Overly Detailed Sob Stories
Some people come armed with a breakup monologue, rehearsed to tug at your heartstrings. You’ll hear about the betrayals, the heartbreak, even the color of the wallpaper when it all fell apart.
Sure, vulnerability is attractive, but if the story is told with Oscar-worthy drama—and especially if the ex is painted as a monster—it’s a form of manipulation.
Narcissists love to craft a narrative that makes them the eternal victim, fishing for your sympathy and loyalty.
If these tales make you feel responsible for fixing what some stranger did, check yourself. Nobody needs to become the emotional repair shop for their date.
What’s the Pattern?
One bad breakup? It happens. A string of suspiciously similar sob stories? Now we’re in red flag territory.
Patterns matter more than isolated stories. If every ex is a narcissist, every relationship ended in betrayal, or every split was “all their fault,” it’s time to question whether your date is the common denominator.
Ask gently about the other relationships. If each chapter ends with a scapegoat and your date as the poor, misunderstood hero, you’ve likely uncovered more about their mindset than they realize.
No Mention of Exes at All
It’s possible to swing too far in the other direction.

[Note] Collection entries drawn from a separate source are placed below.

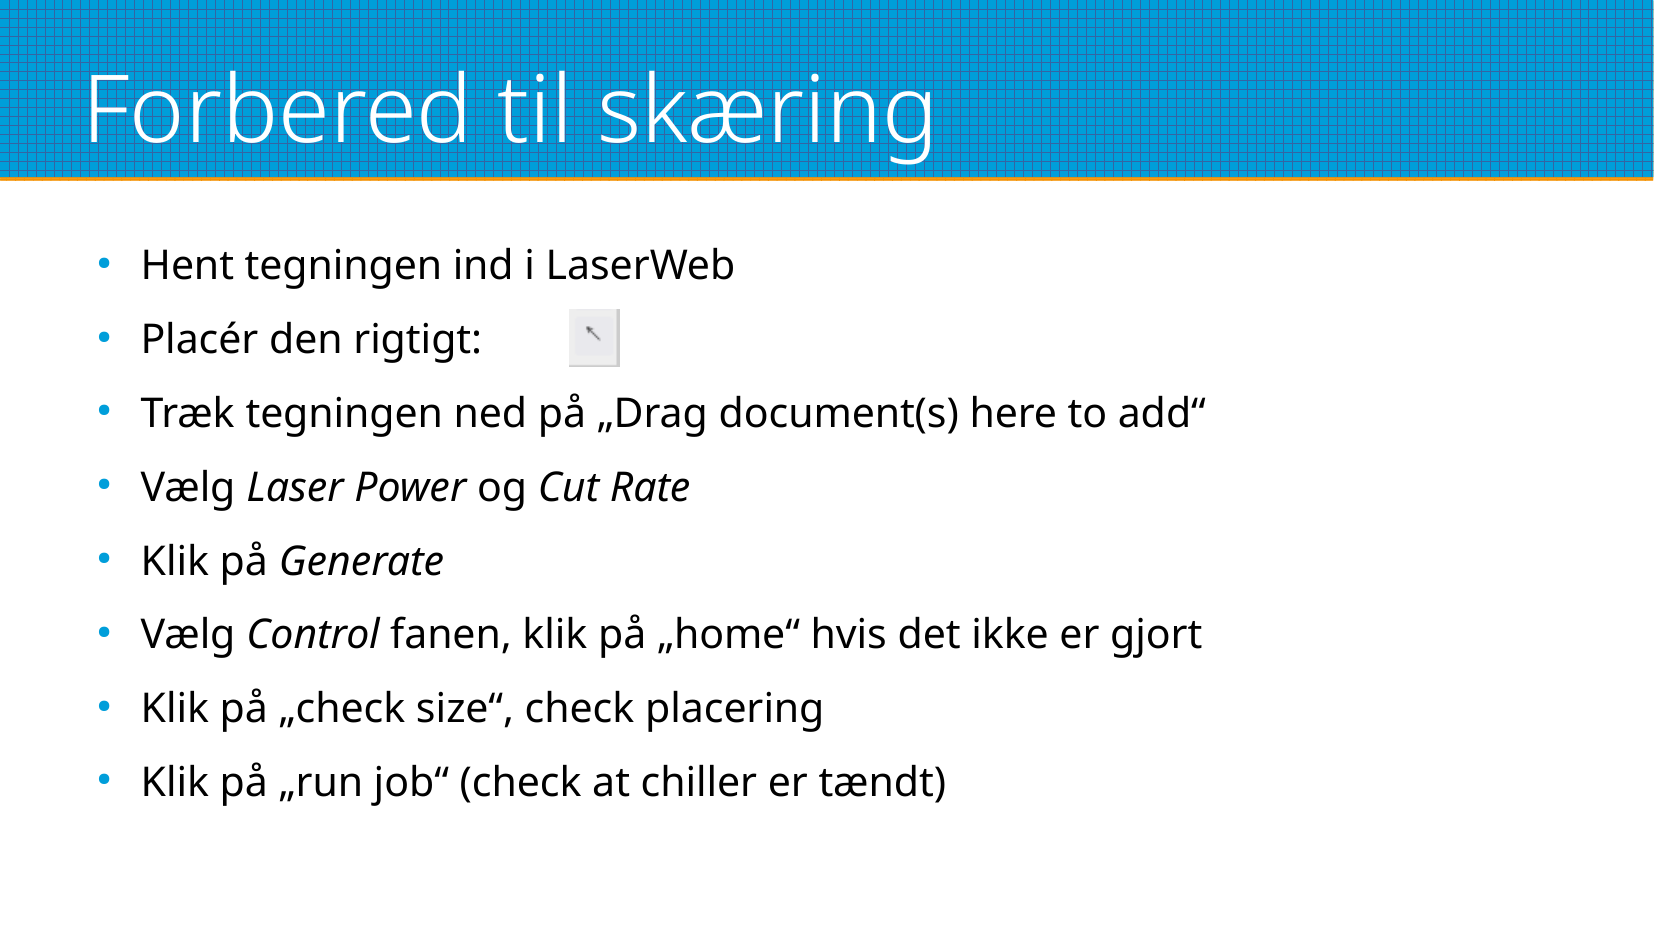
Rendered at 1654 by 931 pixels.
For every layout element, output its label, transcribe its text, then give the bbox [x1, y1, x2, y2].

picture [569, 309, 620, 367]
list Hent tegningen ind i LaserWeb Placér den rigtigt: Træk tegningen ned på „Drag document(s) here to add“ Vælg Laser Power og Cut Rate Klik på Generate Vælg Control fanen, klik på „home“ hvis det ikke er gjort Klik på „check size“, check placering Klik på „run job“ (check at chiller er tændt) [82, 236, 1563, 811]
title Forbered til skæring [82, 14, 1571, 171]
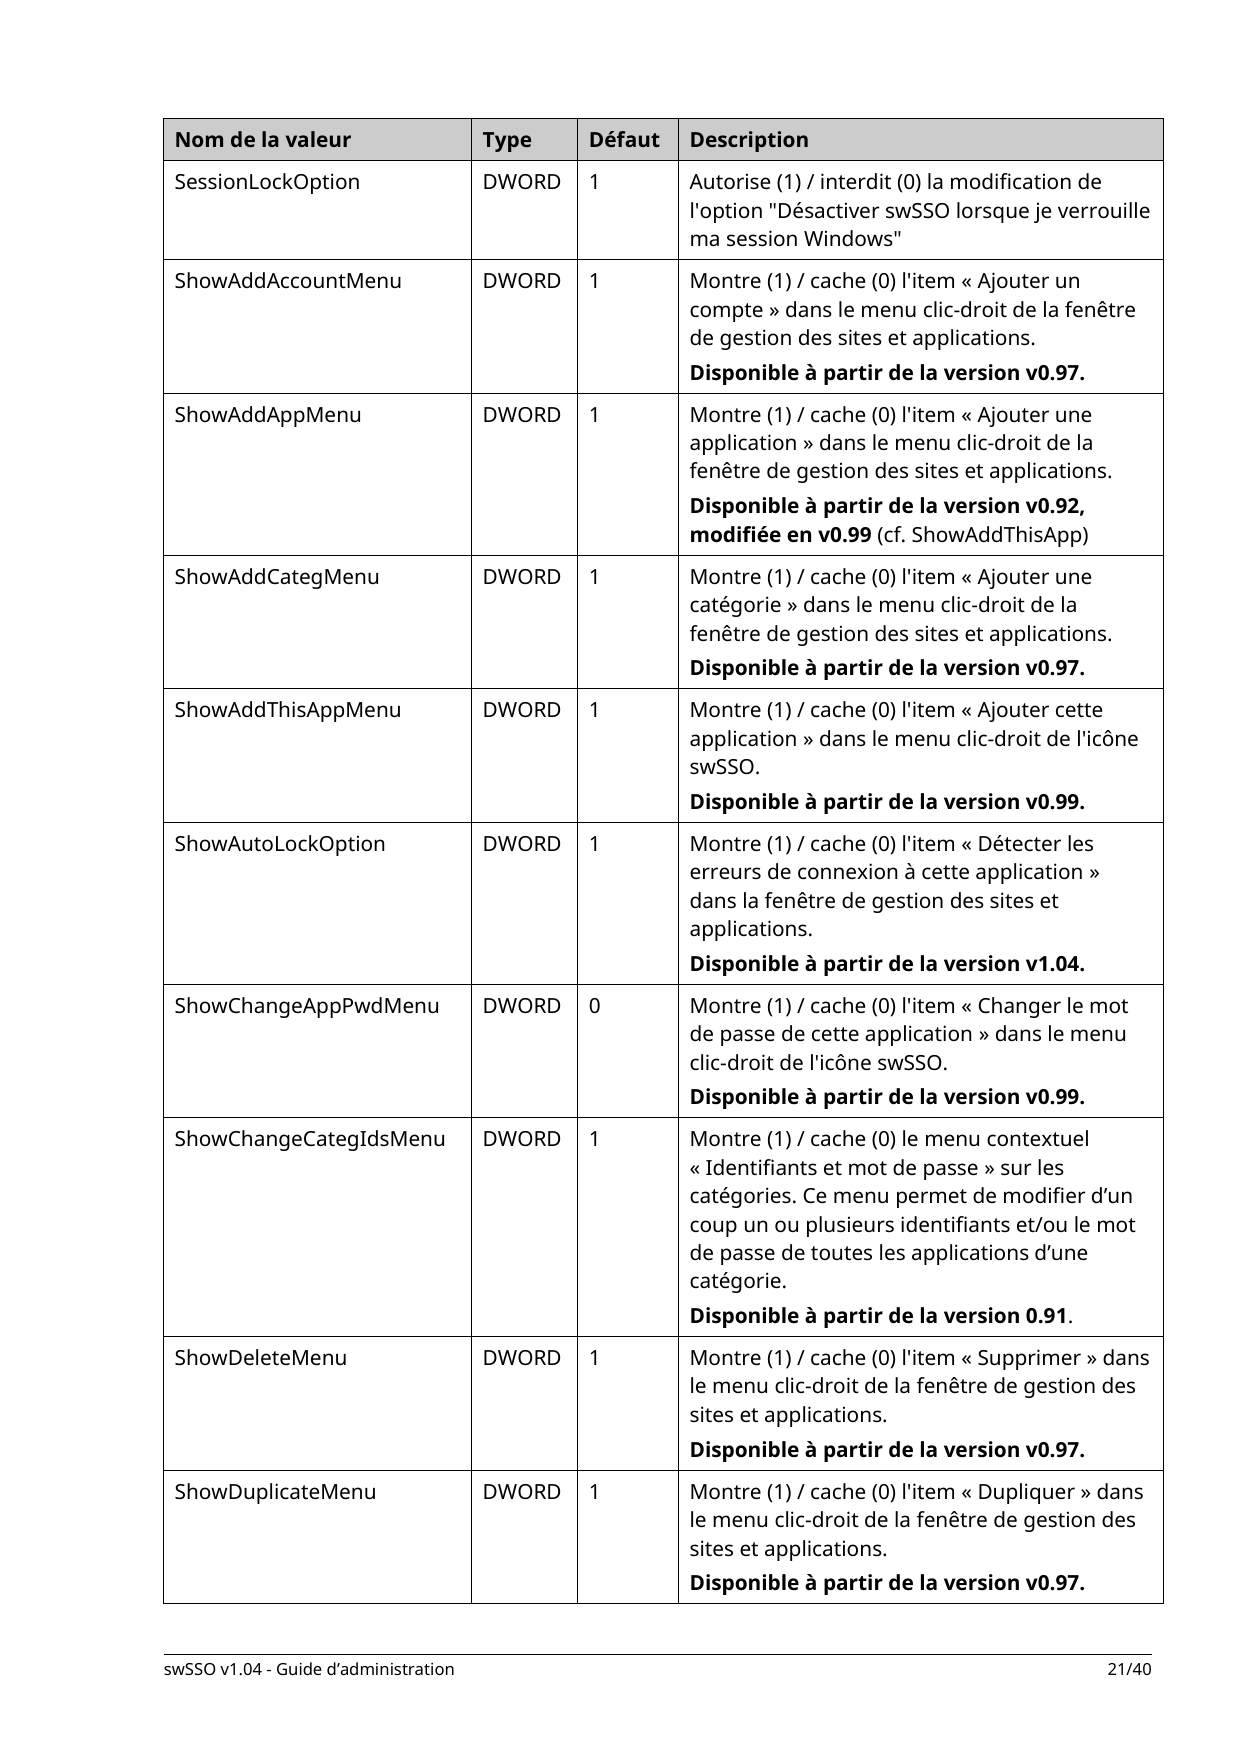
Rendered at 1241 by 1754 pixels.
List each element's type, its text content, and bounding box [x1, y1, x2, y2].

Ever been out with someone who acts like they were hatched freshly from an egg, with no romantic history whatsoever? “Oh, I don’t really talk about my exes.” End of conversation.
Some privacy is healthy. But refusing to acknowledge any previous relationships can be its own warning sign.
It might mean avoidance, shame, or a pattern of refusing to process the past. Worse, it can be a tactic to keep you in the dark.
A healthy partner has a past, owns it, and isn’t afraid to mention it when it’s relevant. Total silence? That’s not mysterious—it’s suspicious.
Exes and Future Promises
How someone talks about their ex also clues you in to how they might talk about you down the line. If it’s all blame games and bitterness, picture yourself in a year, being described over drinks as “the one who ruined everything.”
Doesn’t exactly scream fairy tale, does it?
Pay attention to whether your date shows basic respect, even for those they no longer love. That’s the best sign of someone who can handle life’s bumps without running over the people in their rearview.
Moving Forward With Your Eyes Open
Spotting red flags in how someone dishes about their exes isn’t about paranoia or playing detective. It’s about listening for patterns, noticing what’s missing, and trusting your gut when something feels off.
Healthy people have complicated relationship histories—they might share lessons learned, even a regret or two. They’ll show empathy, and maybe some humor about their own shortcomings.
If you find yourself wading through villain stories, endless “crazy ex” tales, or emotional manipulation, don’t ignore the signals. You deserve someone who’s grown from their past, not someone who rewrites it at every turn.